The MTPs of HTS380 have characteristics similar to those in the MTP-TRN1380 and MTP-TST180 datasets. However, the sequences from HTS380 are only collected from humans, in whom some pore-forming proteins have functions which differ from those of the transporters. For example, Peroxisomal membrane protein 2 has score of 429.33 and is top-7 lowest scored sequences; it seems to be involved in pore-forming activity and may contribute to the unspecific permeability of the Peroxisomal membrane. This function is different from MTP-TRN1380 and MTP-TST180, in which the MTPs are permeable for specific subtracts.
Comparing the dipeptide compositions of the MTPs and non-MTPs
The SCMMTP dipeptide scores revealed that the top-5 dipeptides with the highest scoresare LF, FY, DL, VE, and QV scored 1000, 998, 995, 994, and 990, respectively. The five dipeptides with the lowest scores were QN, NE, NK, FL, and AVwiththe scores of 1, 5, 5, 12, and 13, respectively. The averaged dipeptide compositions of MTP and non-MTP were calculated for comparison.

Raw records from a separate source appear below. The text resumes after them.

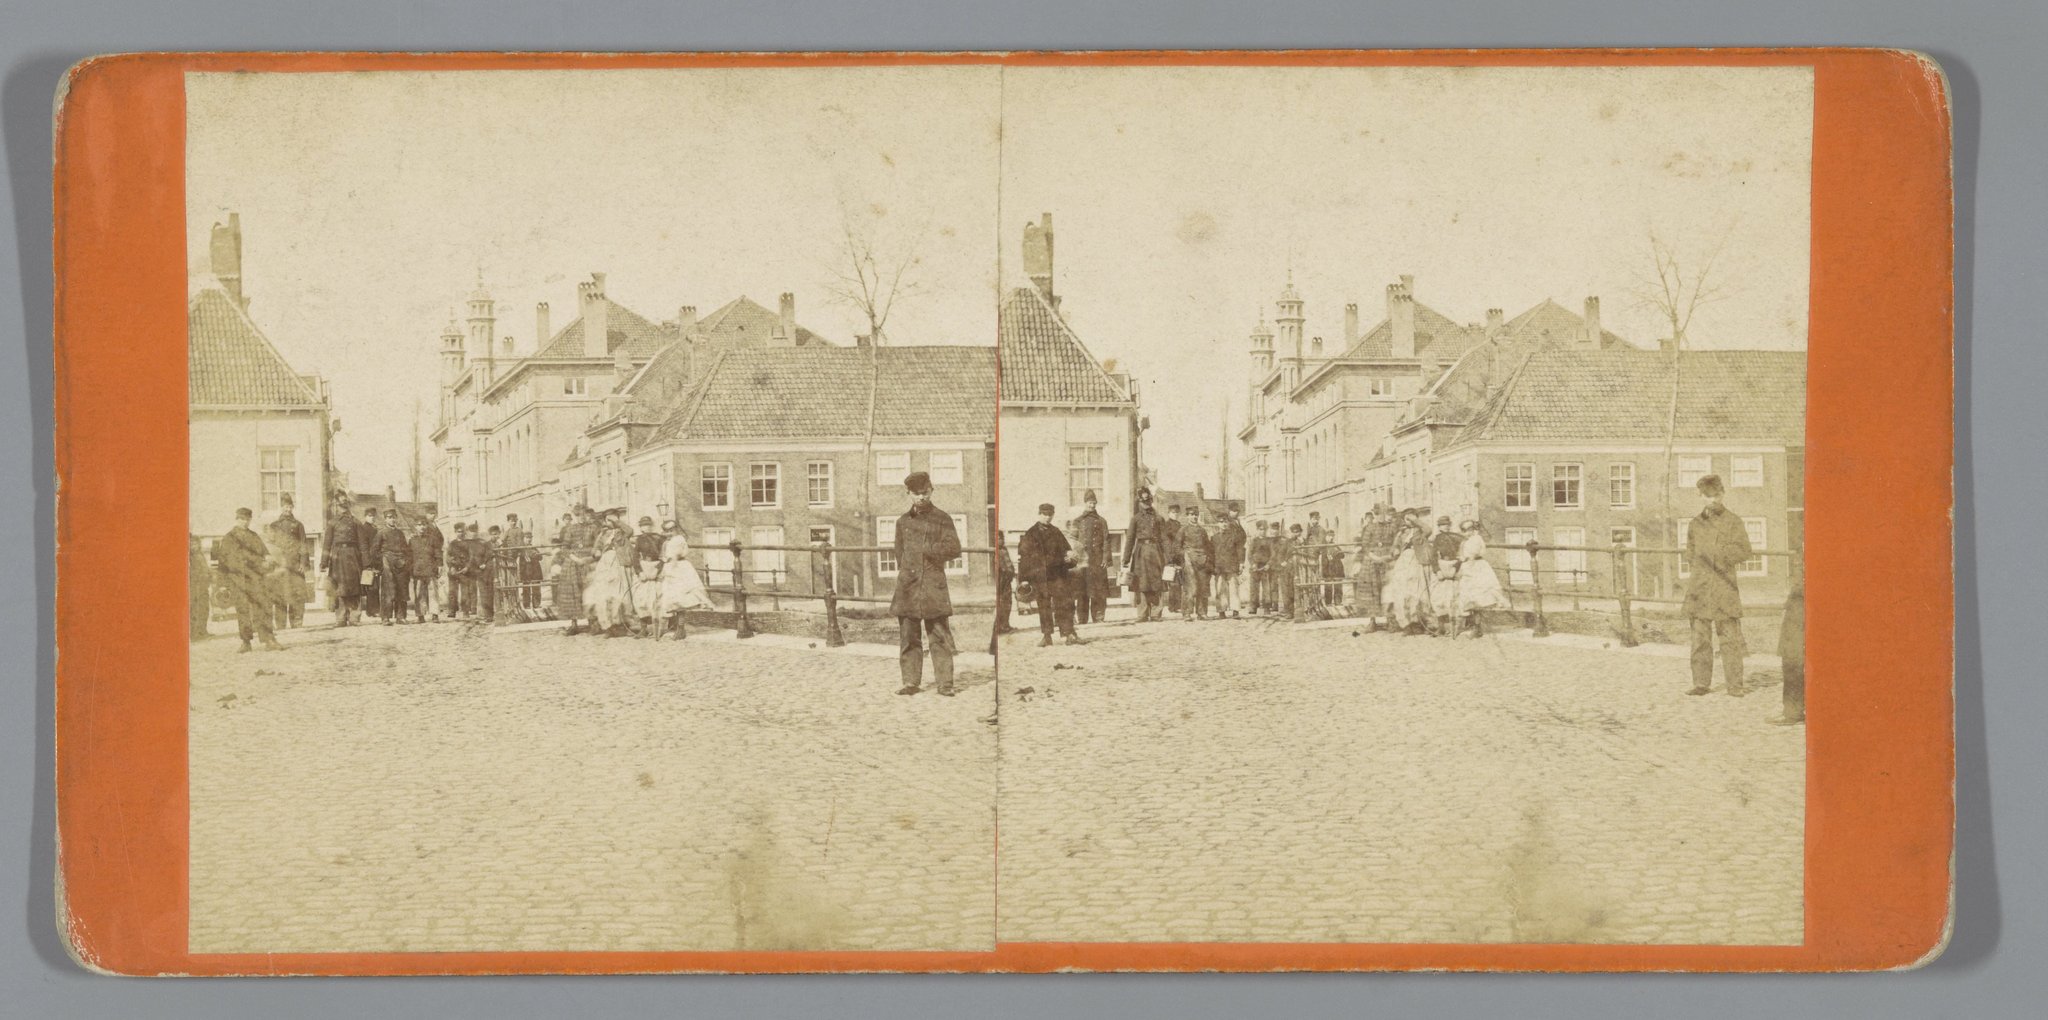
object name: stereograph
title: Stadsgezicht met mensen op een brug
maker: Anonymous
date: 1868-1890
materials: cardboard, paper
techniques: albumen print
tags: city-view in general; 'veduta'
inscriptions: number: ‘1.50’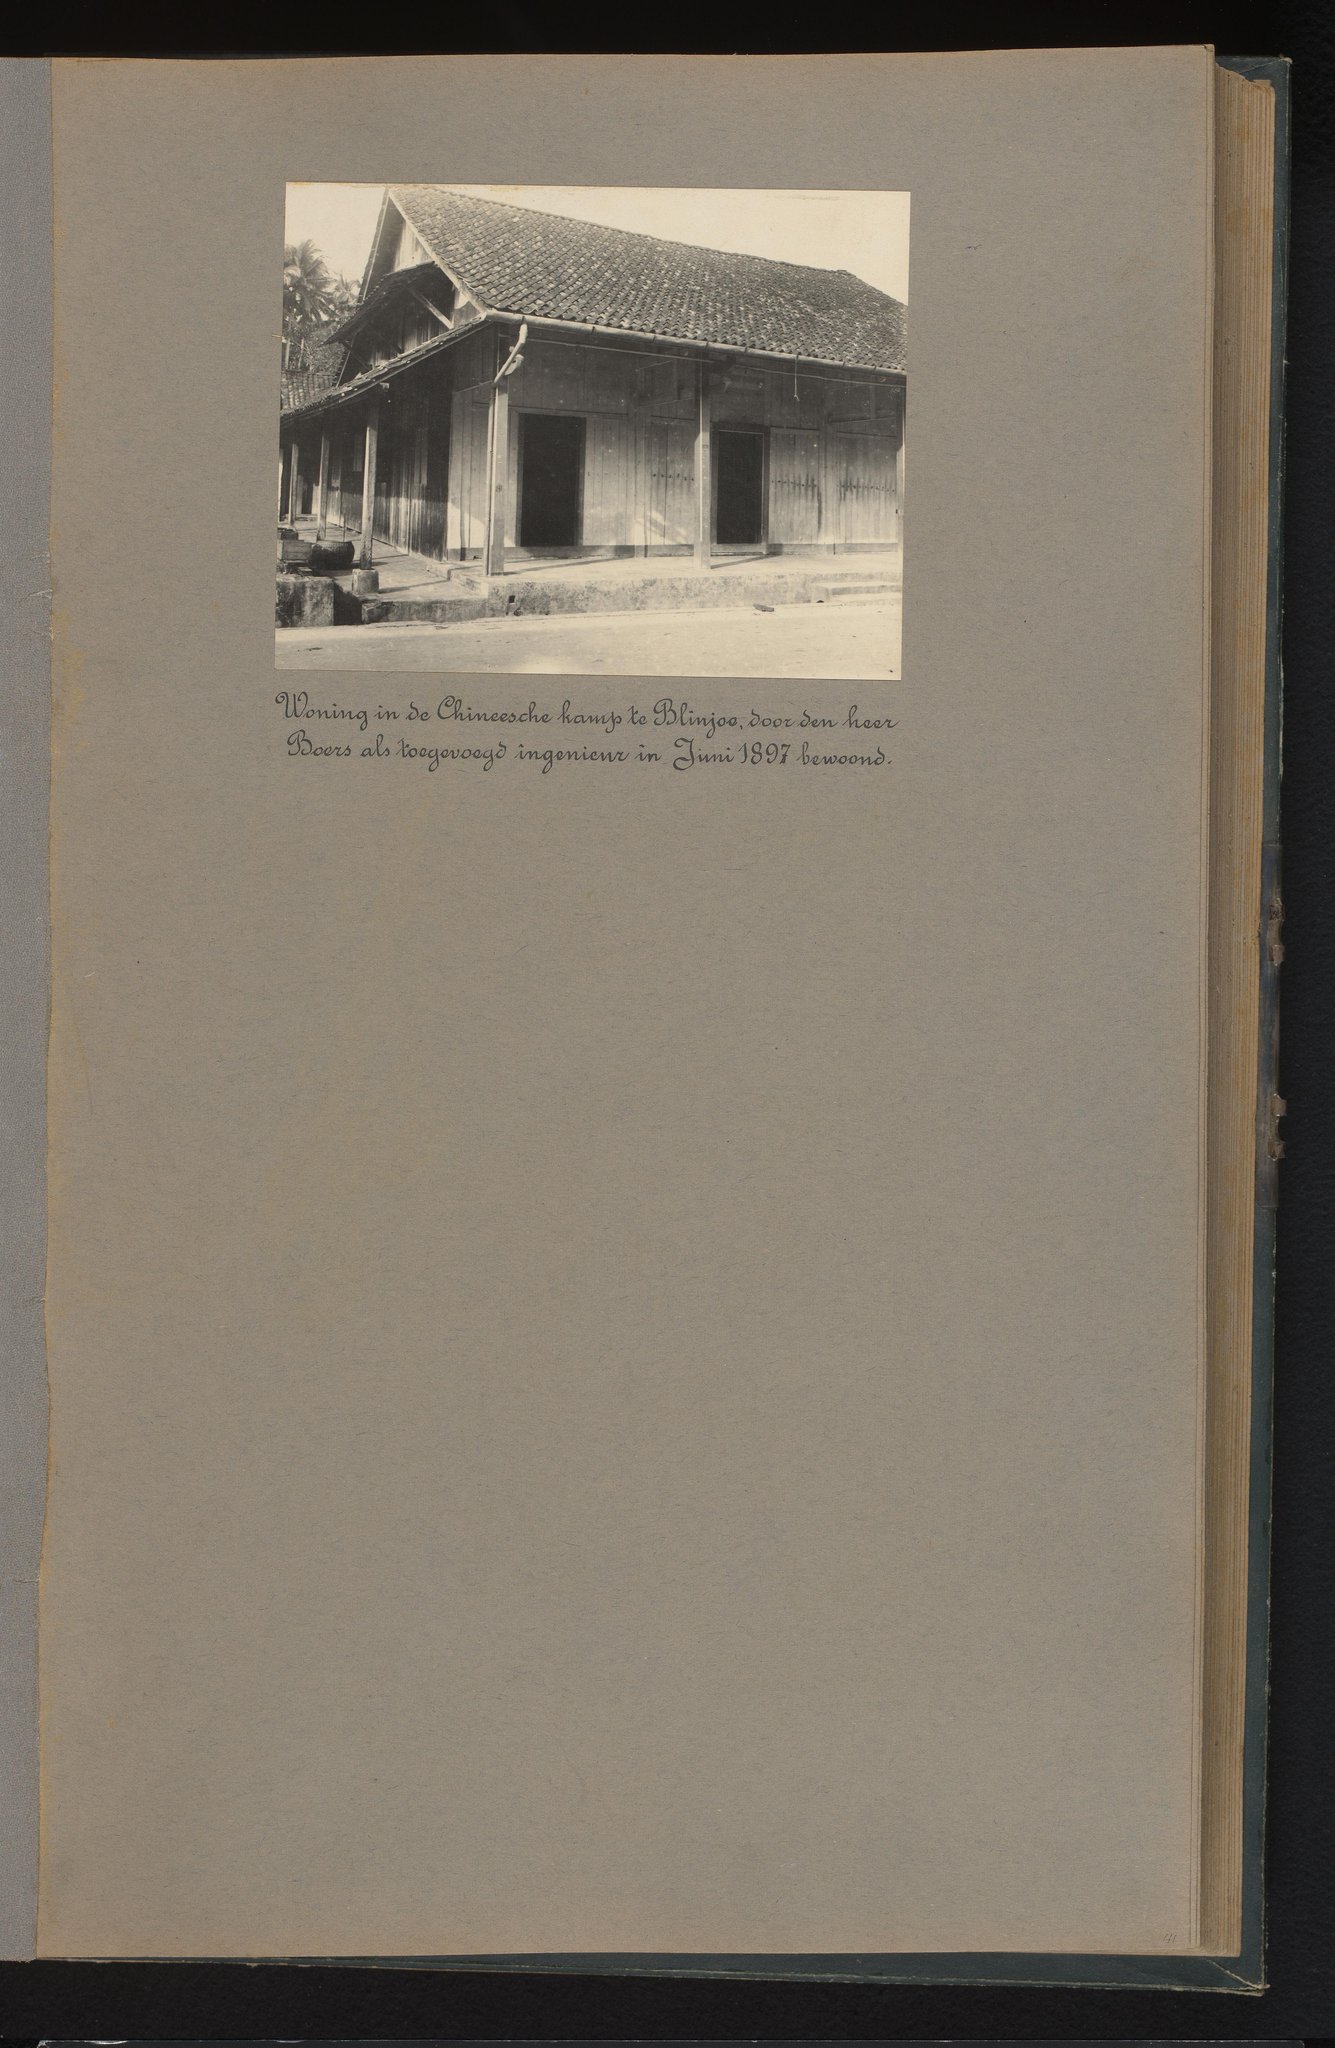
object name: photograph
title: Woning in het Chinese kamp te Blinjoe
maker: Anonymous
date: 1914-1919
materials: cardboard
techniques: gelatin silver print
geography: bangka
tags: robert julius boers, colonial system, mining, cottage
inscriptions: inscription
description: Albumblad met een foto van de woning in het Chinese kamp te Blinjoe, waar de heer Boers als ingenieur in juni 1897 gewoond heeft. Onderdeel van het fotoalbum aangeboden aan Robert Julius Boers bij zijn vertrek naar Nederland in 1919 door het personeel van de Banka-tinwinning.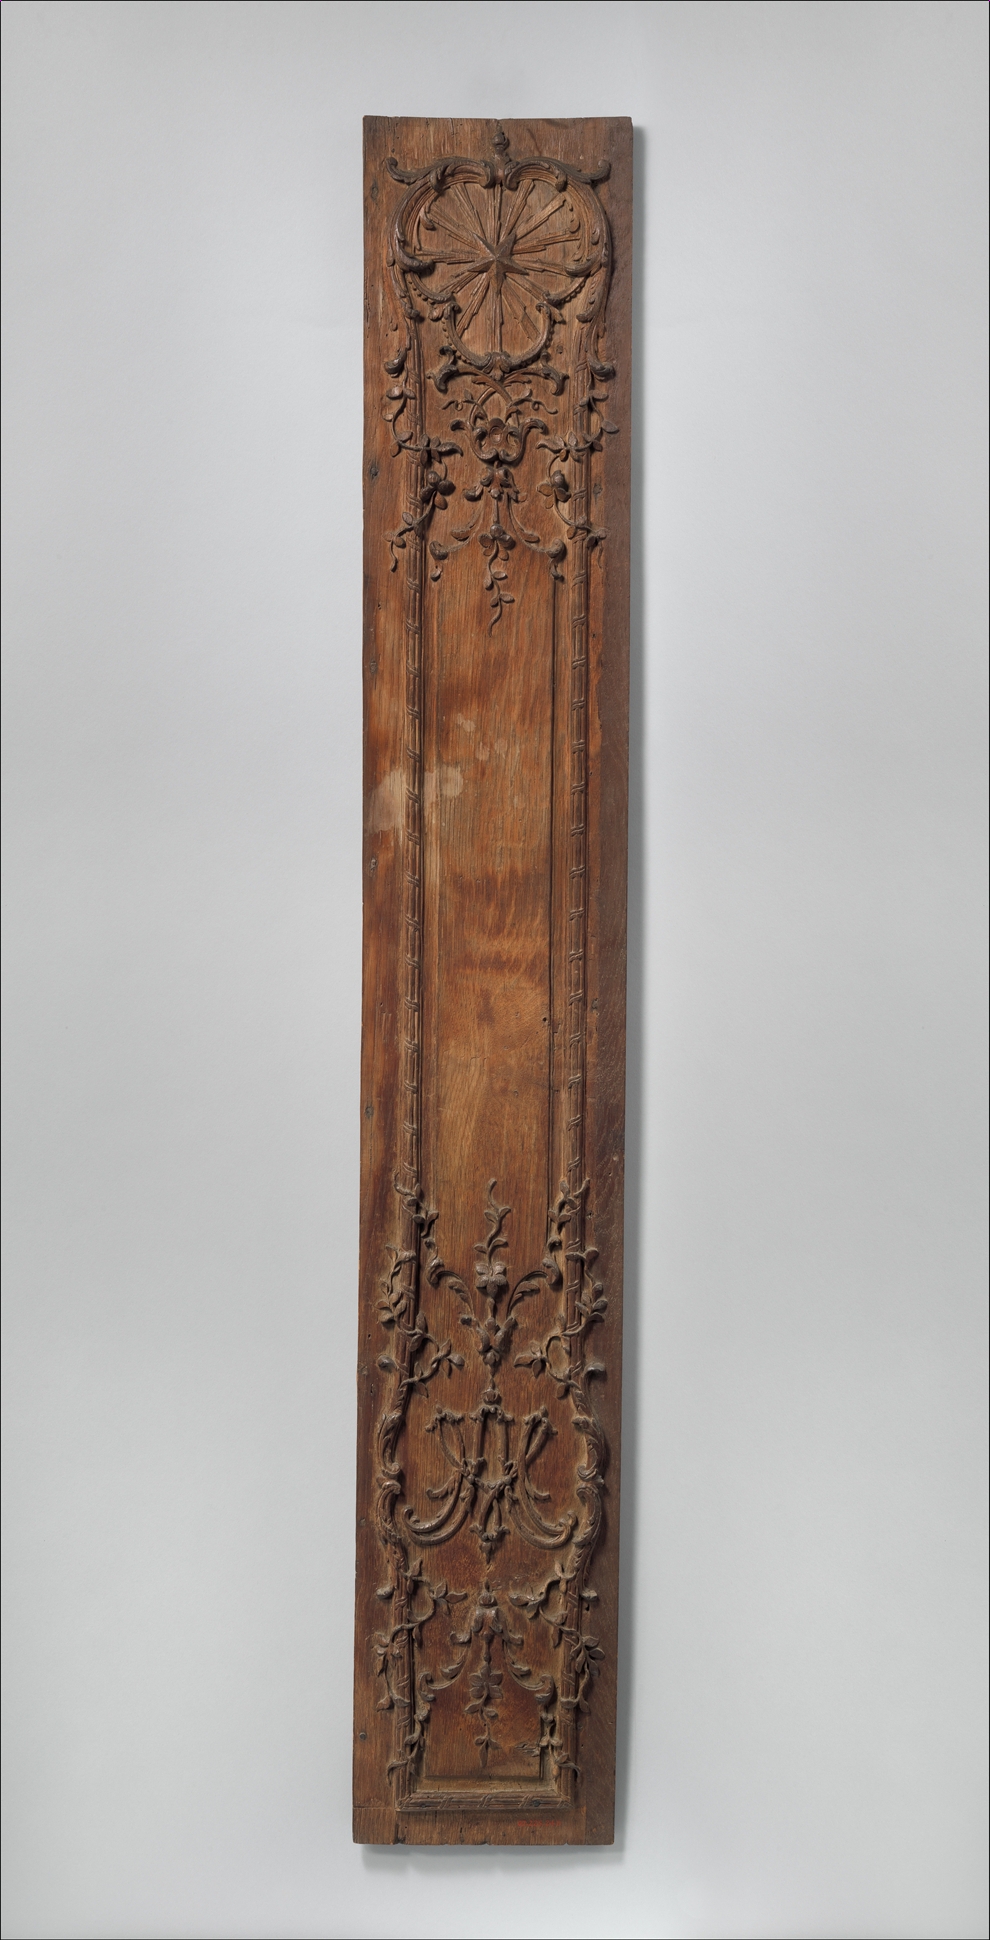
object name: panel
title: Panel (one of a pair)
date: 1730
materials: wood
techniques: carving

Mann-Whitney U-test which is a non-parameter statistic method was applied to evaluate the statistical significance of averaged dipeptide compositions between MTP and non-MTP. In the top-5 ranked dipeptides, LF, DL, VE, and QV showed the significant differences based on a p-value threshold of 0.05, and had p-values of 0.00, 0.00, 0.01 and 0.03, respectively. However, FY had a p-value of 0.25 which was not significantly different between MTPs and non-MTPs. Among the lowest-5 scored dipeptides, QN, NE, NK, FL, and AV had the p-values of 0.00, 0.00, 0.00, 0.01 and 0.00, respectively, indicating a significant different between MTPs and non-MTPs. These results suggest that although the dipeptides with the highest and the lowest scores separated the MTPs and non-MTPs, some dipeptides that can be used after tuning these scores.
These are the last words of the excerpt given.